Maybe you dabbled with Ralph Nader or John Anderson way back when, but come November 2008, you're going to vote, and, paper trail a-flying, you're voting Democratic. No more messing around. Seven years of George W. Bush has taught you that.

Now here's the question: How the heck can we screw things up this time?

Answer: We might very well manage, and we're off to a blazingly good start in the screwing-things-up department.

One might think a Democratic win in November is a slam dunk: a Republican administration with 28-to-32 percent approval ratings, an occupation of Iraq that lingers like political malaria and, now, a tanking economy. Americans want change, and Republicans seem to offer anything but. Still, we have the not-so-secret weapon: ourselves.

For example, see how Democrats perversely twist the wonderful fact that its top two candidates are a woman and a person of color. The beauty of this reality lasted about four days — now replaced with increasingly divisive calls of sexism and racism between campaigns.

As the party of inclusion, Democrats of the 21st century don't share the Republican embarrassment of still having a slate of stunningly similar, old white guys running for president. Instead, Democrats actually deal with politics of gender and race but aren't doing a very good job of handling it.

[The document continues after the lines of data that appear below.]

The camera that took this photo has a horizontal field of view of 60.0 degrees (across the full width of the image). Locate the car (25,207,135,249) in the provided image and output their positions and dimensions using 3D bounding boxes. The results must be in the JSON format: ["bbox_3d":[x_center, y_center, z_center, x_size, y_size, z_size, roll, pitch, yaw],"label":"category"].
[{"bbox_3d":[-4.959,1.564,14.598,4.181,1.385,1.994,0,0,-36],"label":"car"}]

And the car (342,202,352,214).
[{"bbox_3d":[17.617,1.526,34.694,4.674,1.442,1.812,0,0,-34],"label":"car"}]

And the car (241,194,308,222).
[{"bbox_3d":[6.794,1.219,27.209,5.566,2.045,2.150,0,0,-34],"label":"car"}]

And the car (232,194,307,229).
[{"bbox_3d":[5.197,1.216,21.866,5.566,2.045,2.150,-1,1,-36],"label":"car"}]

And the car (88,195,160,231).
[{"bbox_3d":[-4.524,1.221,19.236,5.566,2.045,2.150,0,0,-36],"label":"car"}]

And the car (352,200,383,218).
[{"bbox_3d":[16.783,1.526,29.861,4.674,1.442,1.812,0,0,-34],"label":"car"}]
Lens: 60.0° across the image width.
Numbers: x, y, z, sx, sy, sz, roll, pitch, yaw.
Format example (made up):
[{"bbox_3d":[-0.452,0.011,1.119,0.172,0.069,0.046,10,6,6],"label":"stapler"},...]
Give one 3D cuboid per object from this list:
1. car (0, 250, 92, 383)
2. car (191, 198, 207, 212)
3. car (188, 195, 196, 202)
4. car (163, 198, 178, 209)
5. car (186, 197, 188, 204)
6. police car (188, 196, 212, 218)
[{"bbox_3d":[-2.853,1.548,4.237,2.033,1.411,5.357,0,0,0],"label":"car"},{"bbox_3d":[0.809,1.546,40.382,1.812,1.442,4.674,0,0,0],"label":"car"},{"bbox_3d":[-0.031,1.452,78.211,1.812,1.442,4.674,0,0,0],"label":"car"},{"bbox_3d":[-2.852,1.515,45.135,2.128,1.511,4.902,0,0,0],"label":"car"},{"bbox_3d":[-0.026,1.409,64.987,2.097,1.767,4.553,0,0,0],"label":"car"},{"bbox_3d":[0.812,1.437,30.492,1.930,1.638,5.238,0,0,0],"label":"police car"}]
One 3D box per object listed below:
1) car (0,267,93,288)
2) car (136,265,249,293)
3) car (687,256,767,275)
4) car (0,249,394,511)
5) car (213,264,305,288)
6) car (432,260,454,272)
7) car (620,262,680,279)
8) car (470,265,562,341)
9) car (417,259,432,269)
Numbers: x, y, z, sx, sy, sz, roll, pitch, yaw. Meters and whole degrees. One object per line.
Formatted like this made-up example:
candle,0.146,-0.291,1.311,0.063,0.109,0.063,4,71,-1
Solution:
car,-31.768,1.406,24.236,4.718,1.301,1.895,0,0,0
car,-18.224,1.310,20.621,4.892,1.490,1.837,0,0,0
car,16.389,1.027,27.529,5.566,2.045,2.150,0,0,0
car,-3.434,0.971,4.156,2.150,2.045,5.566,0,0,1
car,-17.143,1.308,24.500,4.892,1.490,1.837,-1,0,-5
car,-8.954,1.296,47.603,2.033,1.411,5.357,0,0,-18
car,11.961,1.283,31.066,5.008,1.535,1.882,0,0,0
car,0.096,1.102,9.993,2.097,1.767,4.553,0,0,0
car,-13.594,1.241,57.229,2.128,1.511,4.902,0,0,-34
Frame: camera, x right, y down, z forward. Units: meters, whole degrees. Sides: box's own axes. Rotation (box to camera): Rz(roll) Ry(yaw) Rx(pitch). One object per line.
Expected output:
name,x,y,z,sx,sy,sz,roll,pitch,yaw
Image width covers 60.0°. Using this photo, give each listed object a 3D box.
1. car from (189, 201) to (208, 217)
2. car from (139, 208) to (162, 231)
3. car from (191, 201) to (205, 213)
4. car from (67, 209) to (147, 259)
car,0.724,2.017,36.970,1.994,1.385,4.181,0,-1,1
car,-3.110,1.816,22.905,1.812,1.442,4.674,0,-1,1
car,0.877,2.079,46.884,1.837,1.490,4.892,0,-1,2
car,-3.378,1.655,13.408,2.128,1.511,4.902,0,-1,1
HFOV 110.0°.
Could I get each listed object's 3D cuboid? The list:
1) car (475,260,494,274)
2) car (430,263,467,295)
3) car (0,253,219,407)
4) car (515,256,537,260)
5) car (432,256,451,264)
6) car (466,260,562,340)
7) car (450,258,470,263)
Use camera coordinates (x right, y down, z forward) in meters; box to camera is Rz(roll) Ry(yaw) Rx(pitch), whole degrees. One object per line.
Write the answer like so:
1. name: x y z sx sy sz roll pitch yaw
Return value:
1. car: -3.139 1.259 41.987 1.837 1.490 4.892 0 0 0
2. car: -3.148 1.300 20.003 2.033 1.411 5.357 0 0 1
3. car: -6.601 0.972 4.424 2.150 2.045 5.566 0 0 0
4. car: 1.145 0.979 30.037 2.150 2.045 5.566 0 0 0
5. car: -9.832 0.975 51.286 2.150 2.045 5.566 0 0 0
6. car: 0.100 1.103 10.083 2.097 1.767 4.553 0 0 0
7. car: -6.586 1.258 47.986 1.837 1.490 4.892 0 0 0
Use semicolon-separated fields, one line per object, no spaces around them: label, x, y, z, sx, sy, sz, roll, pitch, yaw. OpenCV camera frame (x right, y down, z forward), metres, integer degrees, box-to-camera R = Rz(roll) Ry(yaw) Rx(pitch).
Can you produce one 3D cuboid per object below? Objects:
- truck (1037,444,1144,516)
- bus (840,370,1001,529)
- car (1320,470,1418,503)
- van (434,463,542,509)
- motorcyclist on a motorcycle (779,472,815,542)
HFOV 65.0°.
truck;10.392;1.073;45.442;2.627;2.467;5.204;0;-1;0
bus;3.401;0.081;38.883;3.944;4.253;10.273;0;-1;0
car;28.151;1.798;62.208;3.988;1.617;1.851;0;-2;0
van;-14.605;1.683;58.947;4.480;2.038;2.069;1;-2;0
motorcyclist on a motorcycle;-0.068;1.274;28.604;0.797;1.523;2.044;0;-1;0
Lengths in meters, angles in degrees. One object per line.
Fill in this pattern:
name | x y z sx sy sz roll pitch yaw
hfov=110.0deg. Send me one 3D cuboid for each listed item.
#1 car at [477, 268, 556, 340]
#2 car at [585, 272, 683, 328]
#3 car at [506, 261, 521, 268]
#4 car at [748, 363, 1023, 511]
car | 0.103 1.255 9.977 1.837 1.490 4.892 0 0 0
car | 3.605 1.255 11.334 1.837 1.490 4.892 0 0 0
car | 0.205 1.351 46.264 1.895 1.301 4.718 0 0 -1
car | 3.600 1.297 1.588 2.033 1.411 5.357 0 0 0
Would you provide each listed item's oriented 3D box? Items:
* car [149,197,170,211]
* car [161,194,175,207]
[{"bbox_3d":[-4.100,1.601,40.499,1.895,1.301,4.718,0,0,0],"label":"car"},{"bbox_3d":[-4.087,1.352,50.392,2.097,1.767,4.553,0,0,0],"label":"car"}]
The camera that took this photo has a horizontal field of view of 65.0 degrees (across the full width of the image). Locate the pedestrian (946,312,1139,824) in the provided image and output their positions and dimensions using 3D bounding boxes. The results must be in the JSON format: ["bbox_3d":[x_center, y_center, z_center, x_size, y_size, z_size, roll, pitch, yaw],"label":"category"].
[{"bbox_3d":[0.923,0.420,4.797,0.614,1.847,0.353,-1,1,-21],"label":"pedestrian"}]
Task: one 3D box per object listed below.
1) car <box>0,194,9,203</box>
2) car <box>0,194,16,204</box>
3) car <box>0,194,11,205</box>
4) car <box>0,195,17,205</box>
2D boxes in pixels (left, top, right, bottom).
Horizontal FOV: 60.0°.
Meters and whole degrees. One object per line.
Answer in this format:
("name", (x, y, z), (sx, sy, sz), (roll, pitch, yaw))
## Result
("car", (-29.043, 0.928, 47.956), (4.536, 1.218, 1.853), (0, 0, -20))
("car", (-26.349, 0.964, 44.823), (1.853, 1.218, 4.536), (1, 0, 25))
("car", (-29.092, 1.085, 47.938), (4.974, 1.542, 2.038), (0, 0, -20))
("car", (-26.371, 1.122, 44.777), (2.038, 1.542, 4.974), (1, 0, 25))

This fallout is understandable, to an extent. This is a chance — a darned good one, given the atmosphere — to have our first female president. Or our first minority one. The stakes are high for groups that have been shamefully excluded in the past.

But how much damage will be done by a race-gender Balkanization in the primaries? How many will be upset to the point of disaffection come November?

Add to this a peculiar ailment common to the American liberal — a form of competitive self-righteousness I call "I am more philosophically pure than you, and I can prove it!" Symptoms include a remarkable ability to find fault with any statement by anybody at any time. We utilize this skill against political enemies but save our most thorough deconstructions for thoughts of alleged political friends. Yes, like the Mafia, we prefer to kill our own.

Take the Walt Kelly quote above. It says "he is us" — not "she" or "it." That's obviously sexist, even if the he is referring to an enemy. And so on. And so on. Ad infinitum.

Will we be able to go back to enjoying the fact that Obama and Clinton represent two groups better poised than ever to sit in the White House? Will the bitterness mellow and the sight of four more Republican years galvanize us, finally? You're pretty nervous, aren't you? I know I am.